We're going to test on a MNIST model so we now create a small toy model with some batch norm to test, since batch norm sometimes has problems with half precision training. We also create the generators for the MNIST dataset and define the loss .
from torch import nn, optim
from torchvision import datasets, transforms
from torch.utils.data import DataLoader
class ToyModel(nn.Module):
def __init__(self):
super(ToyModel, self).__init__()
self.net1 = nn.Linear(784, 100)
self.relu = nn.ReLU()
self.bn = nn.BatchNorm1d(100)
self.net2 = nn.Linear(100, 10)
def forward(self, x):
return self.net2(self.bn(self.relu(self.net1(x))))
trainset = datasets.MNIST('./data/mnist', train=True, download=True,
transform=transforms.Compose([
transforms.ToTensor(),
transforms.Normalize((0.1307,), (0.3081,))
]))
train_loader = DataLoader(trainset, batch_size=128)
test_ds = datasets.MNIST('./data/mnist', train=False,
transform=transforms.Compose([
transforms.ToTensor(),
transforms.Normalize((0.1307,), (0.3081,))
]))
test_loader = DataLoader(test_ds, batch_size=128)
loss_fn = nn.CrossEntropyLoss()
We now need to initialise Apex with the automatic mixed precision (amp) module of Apex. Here we've selected the highest opt_level O3, full half precision training. You can find out more on optimisation levels here and other arguments for the initialisation here.
We have two things to note here:
First is that we have to send the model to the GPU here instead of letting Torchbearer do it automatically, this is because Apex expects a GPU model.
Second, if we were running this on a real problem, it is usually a good idea to enable full precision for the batch norm layers (keep_batchnorm_fp32 = True), then known as mixed precision training, since it reduces instability in training.
from apex import amp
model = ToyModel()
optimizer = optim.SGD(model.parameters(), lr=0.001)
model, optimizer = amp.initialize(model.cuda(), optimizer,
opt_level='O3',
keep_batchnorm_fp32=False,
)
Now lets do some training. Compared to a normal trial the only thing we need to change is using the apex closure, which performs the loss scaling from Apex.
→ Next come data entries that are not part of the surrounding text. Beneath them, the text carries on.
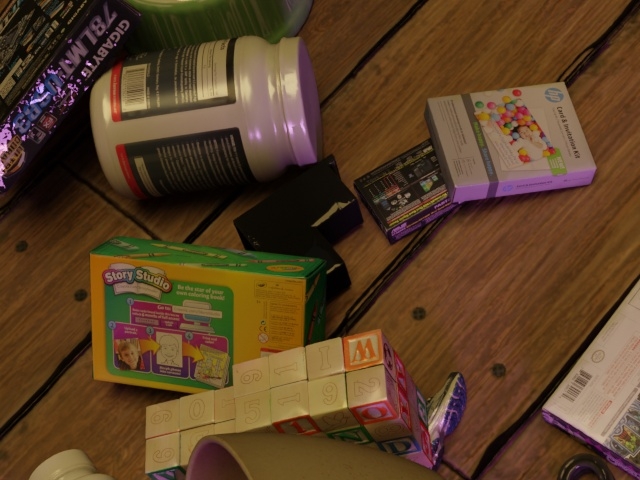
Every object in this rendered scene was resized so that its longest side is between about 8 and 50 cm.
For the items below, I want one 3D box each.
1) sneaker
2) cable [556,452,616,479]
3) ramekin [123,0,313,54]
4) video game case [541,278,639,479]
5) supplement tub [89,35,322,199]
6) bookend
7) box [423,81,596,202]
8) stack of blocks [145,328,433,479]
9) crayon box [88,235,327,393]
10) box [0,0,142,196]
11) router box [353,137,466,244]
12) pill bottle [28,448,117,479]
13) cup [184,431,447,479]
[{"bbox_3d":[0.124,0.206,1.551,0.058,0.052,0.135,16,63,28],"label":"sneaker"},{"bbox_3d":[0.319,0.368,1.426,0.139,0.072,0.287,-38,45,9],"label":"cable"},{"bbox_3d":[-0.169,-0.391,1.907,0.303,0.148,0.303,-6,59,9],"label":"ramekin"},{"bbox_3d":[0.402,0.164,1.516,0.210,0.042,0.232,31,71,26],"label":"video game case"},{"bbox_3d":[-0.145,-0.161,1.742,0.272,0.191,0.191,-7,59,8],"label":"supplement tub"},{"bbox_3d":[0.000,0.000,1.685,0.157,0.072,0.156,-35,60,-10],"label":"bookend"},{"bbox_3d":[0.239,-0.126,1.702,0.186,0.038,0.145,-7,57,-9],"label":"box"},{"bbox_3d":[-0.043,0.207,1.488,0.297,0.171,0.087,-15,53,15],"label":"stack of blocks"},{"bbox_3d":[-0.136,0.095,1.601,0.278,0.165,0.081,7,17,16],"label":"crayon box"},{"bbox_3d":[-0.387,-0.237,1.791,0.295,0.073,0.293,-52,31,3],"label":"box"},{"bbox_3d":[0.117,-0.064,1.716,0.122,0.038,0.092,-29,58,-5],"label":"router box"},{"bbox_3d":[-0.255,0.335,1.525,0.108,0.108,0.193,-35,59,-9],"label":"pill bottle"},{"bbox_3d":[0.023,0.339,1.370,0.236,0.331,0.331,-9,55,-23],"label":"cup"}]
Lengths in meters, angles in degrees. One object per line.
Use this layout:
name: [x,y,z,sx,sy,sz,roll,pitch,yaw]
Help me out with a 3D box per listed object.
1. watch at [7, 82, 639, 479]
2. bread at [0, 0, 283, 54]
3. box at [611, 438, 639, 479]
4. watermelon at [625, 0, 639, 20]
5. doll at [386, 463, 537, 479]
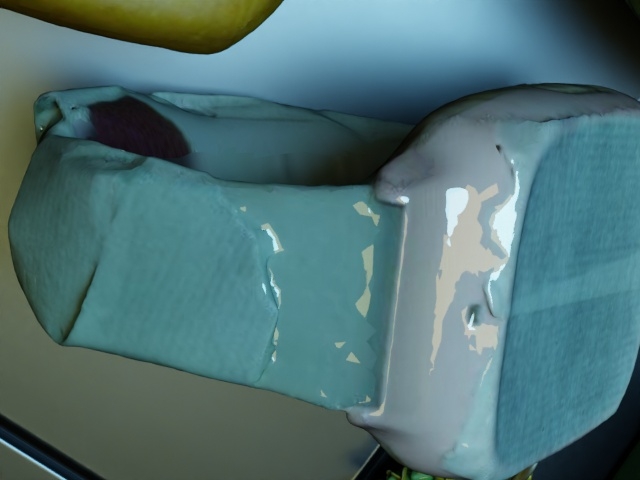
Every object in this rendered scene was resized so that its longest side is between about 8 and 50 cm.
watch: [0.000,0.000,0.659,0.241,0.253,0.161,12,101,31]
bread: [-0.113,-0.265,0.618,0.337,0.148,0.327,17,103,-14]
box: [0.222,0.243,0.767,0.253,0.178,0.328,32,98,-12]
watermelon: [0.244,-0.166,0.620,0.285,0.285,0.285,-2,103,-9]
doll: [0.088,0.123,0.767,0.113,0.078,0.076,-41,109,3]
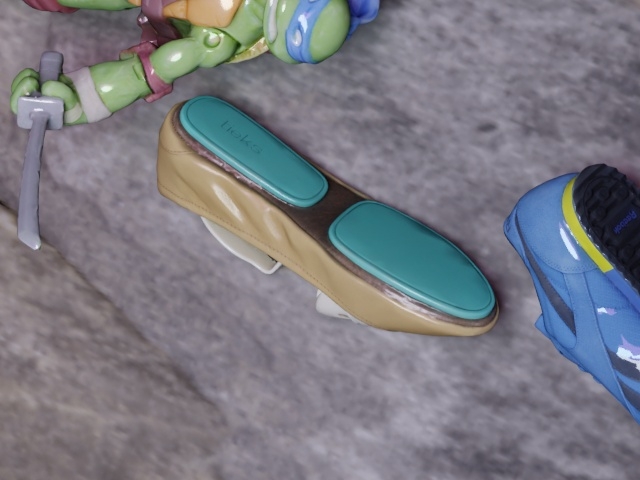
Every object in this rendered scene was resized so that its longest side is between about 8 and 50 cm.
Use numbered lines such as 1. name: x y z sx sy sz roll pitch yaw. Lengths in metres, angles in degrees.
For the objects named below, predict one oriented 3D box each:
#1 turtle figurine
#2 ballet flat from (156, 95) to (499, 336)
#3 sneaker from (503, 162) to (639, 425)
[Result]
1. turtle figurine: -0.128 -0.170 0.966 0.266 0.275 0.197 29 132 38
2. ballet flat: 0.000 0.000 1.020 0.232 0.080 0.073 36 128 17
3. sneaker: 0.175 0.058 0.966 0.082 0.069 0.209 -33 89 48
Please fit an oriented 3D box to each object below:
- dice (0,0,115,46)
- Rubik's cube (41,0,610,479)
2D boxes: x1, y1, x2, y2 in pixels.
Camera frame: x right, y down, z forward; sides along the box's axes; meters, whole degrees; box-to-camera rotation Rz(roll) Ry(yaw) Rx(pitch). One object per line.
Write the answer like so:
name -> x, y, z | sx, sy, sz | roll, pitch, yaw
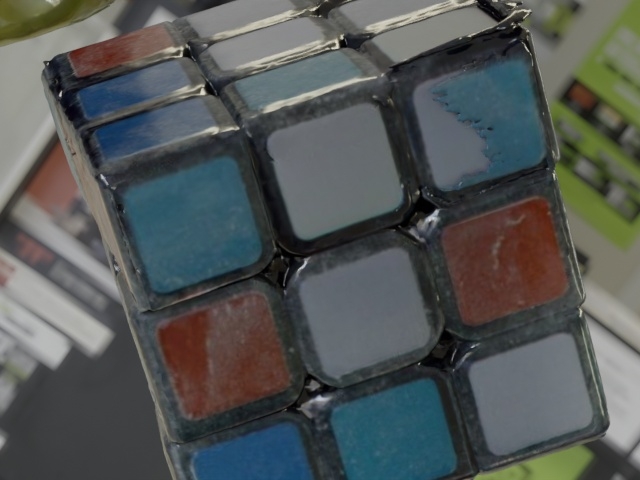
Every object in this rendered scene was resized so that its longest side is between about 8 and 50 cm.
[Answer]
dice -> -0.327, -0.308, 1.857 | 0.233, 0.227, 0.238 | -122, -163, -74
Rubik's cube -> 0.000, 0.000, 1.614 | 0.362, 0.363, 0.358 | -125, -165, -65

If we didn't want loss scaling then we wouldn't even need to do this.
try:
import torchbearer
except Exception:
!pip install torchbearer
# Alternatively
# pip install git+https://github.com/pytorchbearer/torchbearer
import torchbearer
@torchbearer.callbacks.on_sample
@torchbearer.callbacks.on_sample_validation
def flatten(state):
state[torchbearer.X] = state[torchbearer.X].view(state[torchbearer.X].shape[0], -1)
trial = torchbearer.Trial(model, optimizer, loss_fn, metrics=['loss', 'acc'], callbacks=[flatten])
trial.with_closure(apex_closure())
trial.with_train_generator(train_loader).with_val_generator(test_loader).cuda()
_ = trial.run(10, verbose=2)
We can quickly run some full precision training by using optimisation level O0. On a problem this simple, with a tiny model and easy dataset, we don't expect much improvement over half precision training (if any), but it's nice to compare anyway.
from apex import amp
model = ToyModel()
optimizer = optim.SGD(model.parameters(), lr=0.001)
model, optimizer = amp.initialize(model.cuda(), optimizer,
opt_level='O0',
)
try:
import torchbearer
except Exception:
!pip install torchbearer
import torchbearer
@torchbearer.callbacks.on_sample
@torchbearer.callbacks.on_sample_validation
def flatten(state):
state[torchbearer.X] = state[torchbearer.X].view(state[torchbearer.X].shape[0], -1)
trial = torchbearer.Trial(model, optimizer, loss_fn, metrics=['loss', 'acc'], callbacks=[flatten])
trial.with_train_generator(train_loader).with_val_generator(test_loader).cuda()
_ = trial.run(10, verbose=2)
We expect that Apex distributed will work as expected but have been unable to test it as of yet. Please let us know if you encounter any issues.